Babingtonia delicata
- Conservation status: Priority One — Poorly Known Taxa (DEC)

Scientific classification
- Kingdom: Plantae
- Clade: Tracheophytes
- Clade: Angiosperms
- Clade: Eudicots
- Clade: Rosids
- Order: Myrtales
- Family: Myrtaceae
- Genus: Babingtonia
- Species: B. delicata
- Binomial name: Babingtonia delicata Rye & Trudgen

= Babingtonia delicata =

- Genus: Babingtonia
- Species: delicata
- Authority: Rye & Trudgen
- Conservation status: P1

Species of flowering plant

Babingtonia delicata is a species of flowering plant in the family Myrtaceae and is endemic to a small area in the southwest of Western Australia. It is a slender shrub with erect stems, linear leaves and bright pink flowers in groups of up to three, each flower with 4 to 8 stamens.

==Description==
Babingtonia delicata is a shrub that typically grows to a height of 30–80 cm, and has slender, erect stems. The leaves are sometimes densely clustered, linear, 5–11 mm long and 0.5–0.8 mm wide on a petiole 0.4–0.7 mm long. The flowers are arranged in groups of up to three on a peduncle 1.0–2.2 mm long, each flower on a pedicel up to 0.5 mm long. The sepals are about 0.4 mm long and 0.7–1 mm wide and the petals are bright pink, 1.4–1.8 mm long. There are 4 to 8 stamens in each flower.

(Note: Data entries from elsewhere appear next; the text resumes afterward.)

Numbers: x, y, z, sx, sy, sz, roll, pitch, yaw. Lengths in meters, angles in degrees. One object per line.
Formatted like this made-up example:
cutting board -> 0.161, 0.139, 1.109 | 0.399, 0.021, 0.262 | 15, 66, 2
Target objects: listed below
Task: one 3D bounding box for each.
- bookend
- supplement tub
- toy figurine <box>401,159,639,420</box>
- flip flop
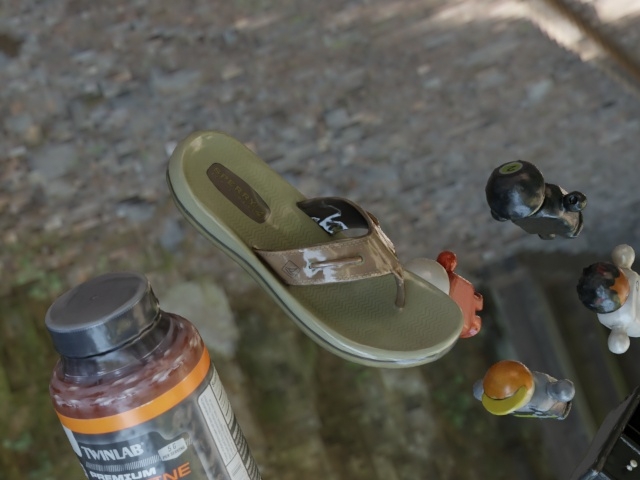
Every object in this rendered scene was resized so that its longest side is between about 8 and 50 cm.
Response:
bookend -> 0.375, 0.275, 1.951 | 0.157, 0.156, 0.072 | -47, 175, -44
supplement tub -> -0.108, 0.119, 1.107 | 0.106, 0.198, 0.106 | -18, -156, 8
toy figurine -> 0.199, 0.054, 1.665 | 0.213, 0.209, 0.148 | -43, 149, 10
flip flop -> 0.000, 0.000, 1.387 | 0.112, 0.277, 0.080 | -50, -179, -43
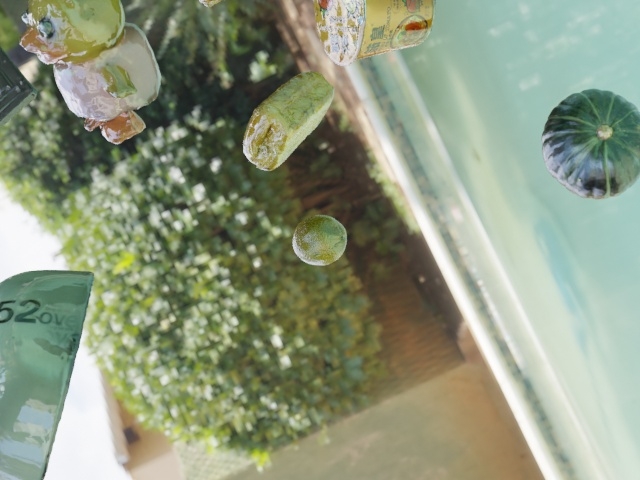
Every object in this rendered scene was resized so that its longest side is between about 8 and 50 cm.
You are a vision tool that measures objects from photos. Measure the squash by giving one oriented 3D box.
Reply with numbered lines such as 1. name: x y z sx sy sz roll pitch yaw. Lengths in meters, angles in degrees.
1. squash: 0.533 -0.185 2.138 0.172 0.218 0.218 110 138 -67

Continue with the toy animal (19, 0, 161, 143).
1. toy animal: -0.352 -0.297 1.690 0.195 0.169 0.281 30 160 43

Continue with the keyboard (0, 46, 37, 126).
1. keyboard: -0.352 -0.176 1.155 0.204 0.061 0.013 45 176 44

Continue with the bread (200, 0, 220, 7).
1. bread: -0.215 -0.523 1.752 0.294 0.132 0.167 62 -159 14

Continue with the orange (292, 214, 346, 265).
1. orange: 0.000 0.000 1.829 0.085 0.095 0.085 9 -102 -46

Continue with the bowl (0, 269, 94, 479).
1. bowl: -0.470 0.197 1.658 0.354 0.185 0.353 -165 90 -78

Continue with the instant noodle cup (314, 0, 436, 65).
1. instant noodle cup: 0.106 -0.447 2.105 0.216 0.172 0.215 170 90 -66

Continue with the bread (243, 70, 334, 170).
1. bread: -0.053 -0.204 1.838 0.083 0.114 0.211 32 -144 8
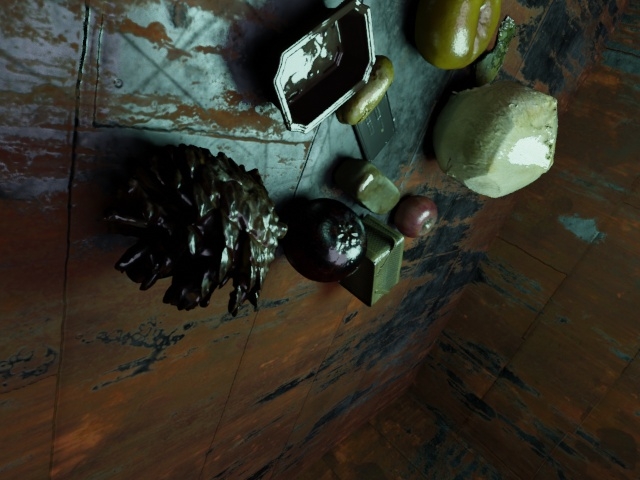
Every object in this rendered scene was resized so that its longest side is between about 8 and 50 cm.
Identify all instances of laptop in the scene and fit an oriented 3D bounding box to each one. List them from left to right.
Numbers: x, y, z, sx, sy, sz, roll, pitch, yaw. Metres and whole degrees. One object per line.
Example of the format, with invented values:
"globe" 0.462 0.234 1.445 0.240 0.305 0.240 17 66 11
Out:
"laptop" 0.144 -0.305 1.101 0.135 0.016 0.197 -49 149 -10

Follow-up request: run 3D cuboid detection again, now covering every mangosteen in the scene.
"mangosteen" 0.000 0.002 1.054 0.216 0.216 0.216 -34 144 -29

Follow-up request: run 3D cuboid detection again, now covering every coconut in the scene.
"coconut" 0.555 -0.316 1.309 0.346 0.360 0.346 -33 145 -27

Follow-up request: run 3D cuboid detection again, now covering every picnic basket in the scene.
"picnic basket" 0.152 0.066 1.334 0.139 0.165 0.267 -37 146 -26

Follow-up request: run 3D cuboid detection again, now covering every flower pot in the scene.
"flower pot" -0.011 -0.335 0.799 0.251 0.084 0.179 -44 147 -17

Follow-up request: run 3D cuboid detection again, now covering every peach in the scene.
"peach" 0.330 -0.533 1.001 0.251 0.153 0.251 -40 153 -24

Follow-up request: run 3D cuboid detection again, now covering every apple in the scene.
"apple" 0.328 -0.085 1.465 0.153 0.120 0.153 -29 143 -25

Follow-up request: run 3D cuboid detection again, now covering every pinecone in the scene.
"pinecone" -0.197 -0.014 0.691 0.295 0.298 0.242 23 128 -40

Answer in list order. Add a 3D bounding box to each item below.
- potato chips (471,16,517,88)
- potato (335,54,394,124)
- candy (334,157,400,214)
"potato chips" 0.560 -0.594 1.366 0.202 0.029 0.220 8 117 -56
"potato" 0.098 -0.332 0.930 0.080 0.107 0.170 39 87 -17
"candy" 0.132 -0.144 1.156 0.102 0.104 0.234 -56 149 2
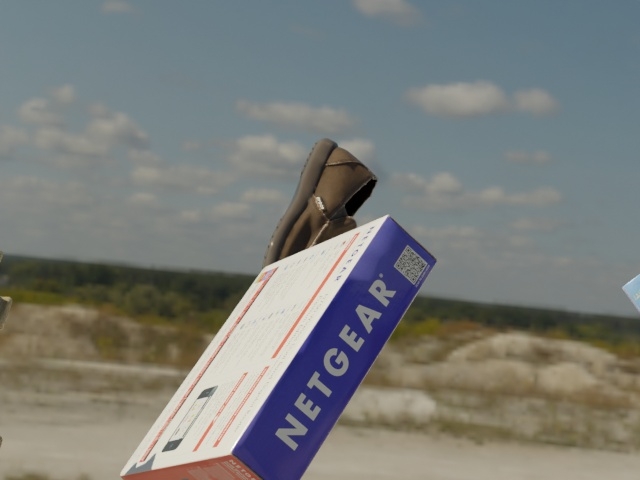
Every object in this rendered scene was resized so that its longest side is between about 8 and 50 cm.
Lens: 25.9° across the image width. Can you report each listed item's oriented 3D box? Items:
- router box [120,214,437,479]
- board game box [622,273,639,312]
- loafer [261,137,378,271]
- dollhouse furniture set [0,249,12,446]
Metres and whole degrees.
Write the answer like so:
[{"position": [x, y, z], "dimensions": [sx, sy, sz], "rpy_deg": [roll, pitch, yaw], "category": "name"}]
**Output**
[{"position": [-0.053, 0.148, 1.577], "dimensions": [0.082, 0.335, 0.301], "rpy_deg": [42, -28, -15], "category": "router box"}, {"position": [0.383, 0.112, 1.445], "dimensions": [0.039, 0.160, 0.211], "rpy_deg": [-36, -17, 10], "category": "board game box"}, {"position": [0.000, 0.000, 2.133], "dimensions": [0.130, 0.366, 0.134], "rpy_deg": [18, -30, 5], "category": "loafer"}, {"position": [-0.421, 0.116, 1.462], "dimensions": [0.135, 0.262, 0.259], "rpy_deg": [0, 36, 3], "category": "dollhouse furniture set"}]
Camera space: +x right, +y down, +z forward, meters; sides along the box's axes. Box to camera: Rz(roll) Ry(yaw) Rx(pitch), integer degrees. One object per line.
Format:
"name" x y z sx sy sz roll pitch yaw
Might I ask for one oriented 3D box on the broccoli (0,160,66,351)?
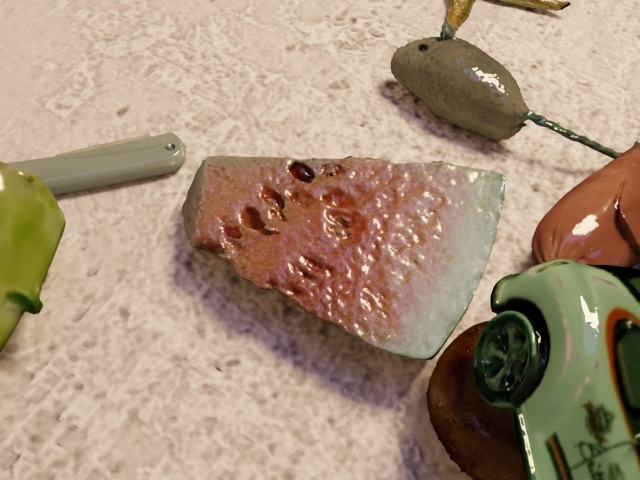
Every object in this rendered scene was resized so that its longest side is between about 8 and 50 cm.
"broccoli" -0.223 0.118 0.361 0.353 0.275 0.397 49 39 8

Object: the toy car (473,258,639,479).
"toy car" 0.173 0.127 0.329 0.136 0.125 0.306 16 46 -21

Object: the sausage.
"sausage" 0.325 -0.066 0.626 0.433 0.088 0.088 -27 59 -26

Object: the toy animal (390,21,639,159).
"toy animal" 0.180 -0.125 0.669 0.252 0.070 0.079 26 69 11

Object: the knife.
"knife" -0.192 -0.062 0.599 0.162 0.023 0.044 -13 56 -17

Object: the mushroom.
"mushroom" 0.122 0.104 0.464 0.126 0.085 0.109 -34 91 -44

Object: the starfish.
"starfish" 0.177 -0.307 0.834 0.223 0.050 0.217 10 58 8

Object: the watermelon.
"watermelon" 0.000 0.000 0.543 0.241 0.094 0.154 18 61 10
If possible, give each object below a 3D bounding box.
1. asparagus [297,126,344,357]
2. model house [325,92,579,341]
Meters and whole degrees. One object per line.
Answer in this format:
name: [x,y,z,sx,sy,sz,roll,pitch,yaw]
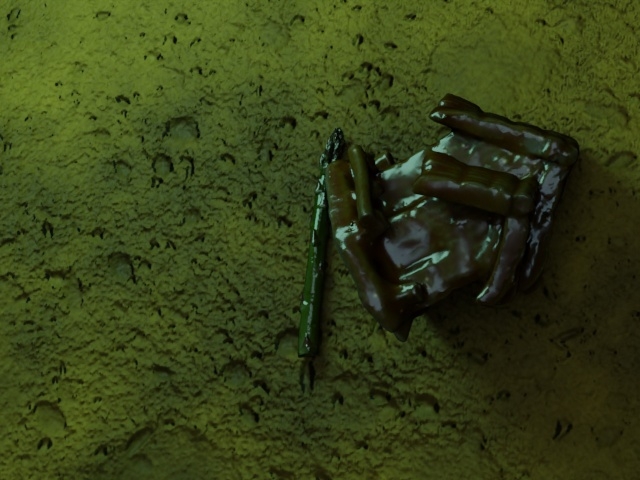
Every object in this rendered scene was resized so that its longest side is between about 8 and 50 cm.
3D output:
asparagus: [0.000,0.000,1.247,0.025,0.024,0.248,13,75,-22]
model house: [0.136,-0.040,1.127,0.229,0.199,0.219,-30,80,13]

The ovary has a single locule and the style is 0.5–0.7 mm long. Flowering occurs in November and December, and the fruit is a capsule 1.4–1.5 mm long and 1.3–1.4 mm wide.

==Taxonomy==
Babingtonia delicata was first formally described in 2015 by Barbara Rye and Malcolm Trudgen in the journal Nuytsia from specimens collected near Cataby in 2004. The specific epithet (delicata) means "dainty", referring to the form of the plant and its small, attractive flowers.

==Distribution and habitat==
This species mostly grows in sandy soils in low-lying, winter-wet areas near Cataby, in the Geraldton Sandplains and Swan Coastal Plain biogeographic regions of south-western Western Australia.

==Conservation status==
Babingtonia delicata is listed as "Priority one" by the Western Australian Government Department of Biodiversity, Conservation and Attractions, meaning that it is known from only one or a few locations that are potentially at risk.